▶ PROBLEM
Return, from the lines below, each one that includes the word "object".

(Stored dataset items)
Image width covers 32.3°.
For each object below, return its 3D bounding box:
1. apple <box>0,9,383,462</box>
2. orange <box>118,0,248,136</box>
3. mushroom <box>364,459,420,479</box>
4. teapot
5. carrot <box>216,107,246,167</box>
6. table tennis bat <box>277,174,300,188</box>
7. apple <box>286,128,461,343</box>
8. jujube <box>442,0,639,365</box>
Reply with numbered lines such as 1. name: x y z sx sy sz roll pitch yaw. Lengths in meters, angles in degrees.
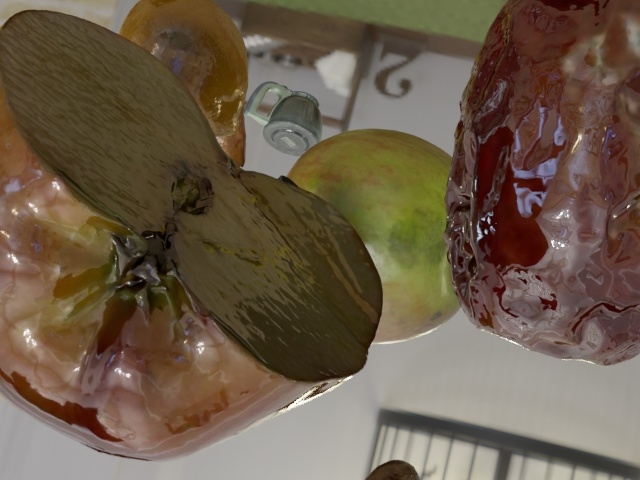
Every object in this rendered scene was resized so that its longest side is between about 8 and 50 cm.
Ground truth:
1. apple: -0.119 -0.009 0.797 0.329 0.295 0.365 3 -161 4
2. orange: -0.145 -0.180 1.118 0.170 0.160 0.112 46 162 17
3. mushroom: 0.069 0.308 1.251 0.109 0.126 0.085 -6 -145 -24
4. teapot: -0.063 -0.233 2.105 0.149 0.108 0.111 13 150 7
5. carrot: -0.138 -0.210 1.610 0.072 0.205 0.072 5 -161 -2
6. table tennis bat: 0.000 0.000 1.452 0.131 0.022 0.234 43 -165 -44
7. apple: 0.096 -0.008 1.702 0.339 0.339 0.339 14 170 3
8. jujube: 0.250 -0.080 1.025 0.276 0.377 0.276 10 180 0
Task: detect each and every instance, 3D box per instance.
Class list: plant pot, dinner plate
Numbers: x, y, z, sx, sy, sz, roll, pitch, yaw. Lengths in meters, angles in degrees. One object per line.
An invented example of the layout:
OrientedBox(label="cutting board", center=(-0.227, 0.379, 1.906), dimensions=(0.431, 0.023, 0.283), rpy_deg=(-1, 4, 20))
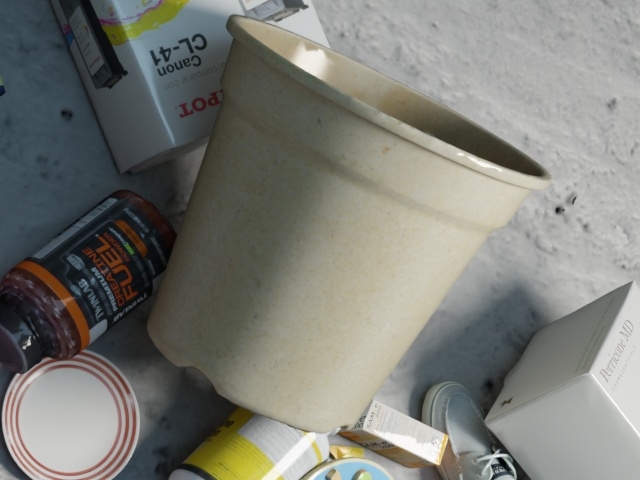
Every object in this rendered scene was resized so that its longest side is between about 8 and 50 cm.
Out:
* * *
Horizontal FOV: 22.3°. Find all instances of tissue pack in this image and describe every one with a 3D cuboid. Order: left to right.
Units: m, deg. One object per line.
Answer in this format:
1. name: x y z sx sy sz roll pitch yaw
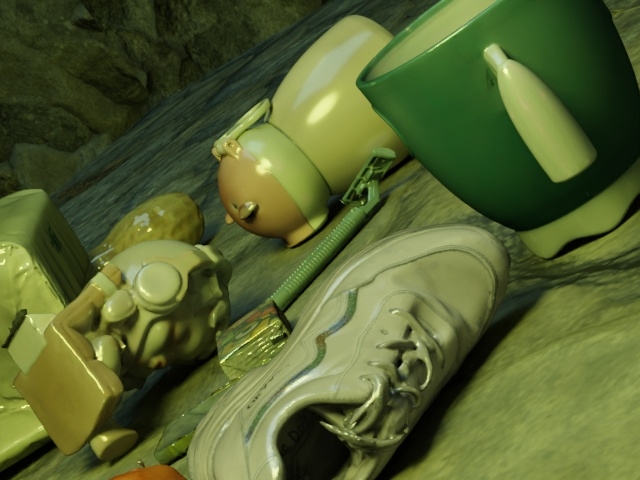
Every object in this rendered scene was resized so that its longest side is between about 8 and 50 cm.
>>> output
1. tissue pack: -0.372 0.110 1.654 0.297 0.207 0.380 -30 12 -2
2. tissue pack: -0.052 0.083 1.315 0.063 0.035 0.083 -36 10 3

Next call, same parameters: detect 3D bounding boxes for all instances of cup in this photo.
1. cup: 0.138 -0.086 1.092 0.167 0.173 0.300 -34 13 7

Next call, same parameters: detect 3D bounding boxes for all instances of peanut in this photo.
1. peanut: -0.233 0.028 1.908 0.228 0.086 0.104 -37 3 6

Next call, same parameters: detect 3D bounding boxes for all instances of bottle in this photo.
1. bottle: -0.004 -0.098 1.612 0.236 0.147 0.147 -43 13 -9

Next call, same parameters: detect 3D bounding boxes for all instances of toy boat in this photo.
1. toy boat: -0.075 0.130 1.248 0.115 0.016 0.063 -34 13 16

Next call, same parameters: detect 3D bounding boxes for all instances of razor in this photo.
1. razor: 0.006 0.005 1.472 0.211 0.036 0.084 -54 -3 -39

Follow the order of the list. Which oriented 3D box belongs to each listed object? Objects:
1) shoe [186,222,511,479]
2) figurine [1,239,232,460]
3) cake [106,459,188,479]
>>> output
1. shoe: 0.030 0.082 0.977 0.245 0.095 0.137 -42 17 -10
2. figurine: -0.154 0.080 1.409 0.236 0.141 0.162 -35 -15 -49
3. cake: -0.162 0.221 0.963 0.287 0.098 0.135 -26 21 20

▶ YOUR SOLUTION
For each object below, return its 3D bounding box:
Every object in this rendered scene was resized so that its longest side is between about 8 and 50 cm.
Numbers: x, y, z, sx, sy, sz, roll, pitch, yaw. Lengths in meters, angles in degrees. One object per line.
Every object in this rendered scene was resized so that its longest side is between about 8 and 50 cm.
Units: m, deg. One object per line.
Every object in this rendered scene was resized so that its longest side is between about 8 and 50 cm.
Follow the order of the list. Which oriented 3D box belongs to each listed object? Objects:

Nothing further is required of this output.